● **Problem to work on**:
Go to the line in the entries below that holds "Data sheet to" and repeat exactly from there through the line that holds "Reply as name, equals", inclusive.

● **Raw data**:
+--

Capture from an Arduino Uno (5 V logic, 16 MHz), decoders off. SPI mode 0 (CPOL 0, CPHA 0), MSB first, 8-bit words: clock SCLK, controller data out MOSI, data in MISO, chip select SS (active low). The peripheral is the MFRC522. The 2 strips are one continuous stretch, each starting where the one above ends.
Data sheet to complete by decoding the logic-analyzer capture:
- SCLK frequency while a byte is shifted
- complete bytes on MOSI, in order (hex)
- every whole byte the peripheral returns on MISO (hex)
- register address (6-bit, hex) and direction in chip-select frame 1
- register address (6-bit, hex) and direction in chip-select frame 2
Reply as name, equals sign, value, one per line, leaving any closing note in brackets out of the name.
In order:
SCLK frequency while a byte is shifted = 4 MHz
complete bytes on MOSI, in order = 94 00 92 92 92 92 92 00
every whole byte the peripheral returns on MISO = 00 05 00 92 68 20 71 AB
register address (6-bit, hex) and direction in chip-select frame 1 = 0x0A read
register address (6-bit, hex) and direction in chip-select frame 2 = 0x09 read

+--

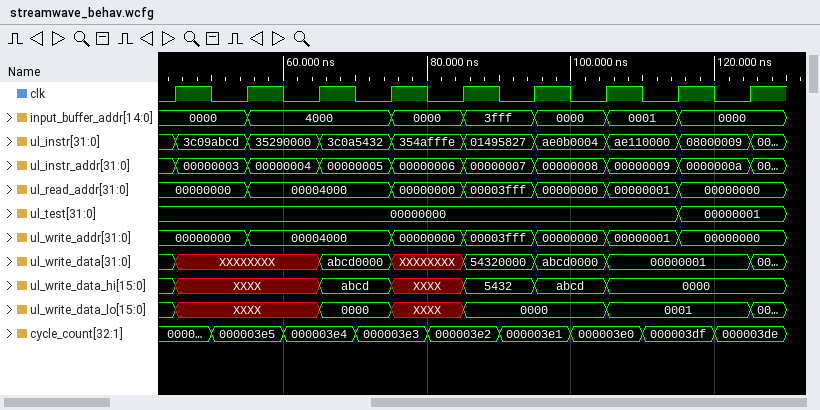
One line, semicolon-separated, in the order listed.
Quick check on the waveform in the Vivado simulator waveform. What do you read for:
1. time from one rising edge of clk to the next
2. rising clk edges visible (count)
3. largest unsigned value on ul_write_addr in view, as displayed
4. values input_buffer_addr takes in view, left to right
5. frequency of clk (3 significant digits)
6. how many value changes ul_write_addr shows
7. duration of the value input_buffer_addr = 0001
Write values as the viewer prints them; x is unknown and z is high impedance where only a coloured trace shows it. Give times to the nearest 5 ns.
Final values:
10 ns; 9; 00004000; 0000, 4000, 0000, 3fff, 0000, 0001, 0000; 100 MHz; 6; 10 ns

+--

● **Result for this task**:
Data sheet to complete by decoding the logic-analyzer capture:
- SCLK frequency while a byte is shifted
- complete bytes on MOSI, in order (hex)
- every whole byte the peripheral returns on MISO (hex)
- register address (6-bit, hex) and direction in chip-select frame 1
- register address (6-bit, hex) and direction in chip-select frame 2
Reply as name, equals sign, value, one per line, leaving any closing note in brackets out of the name.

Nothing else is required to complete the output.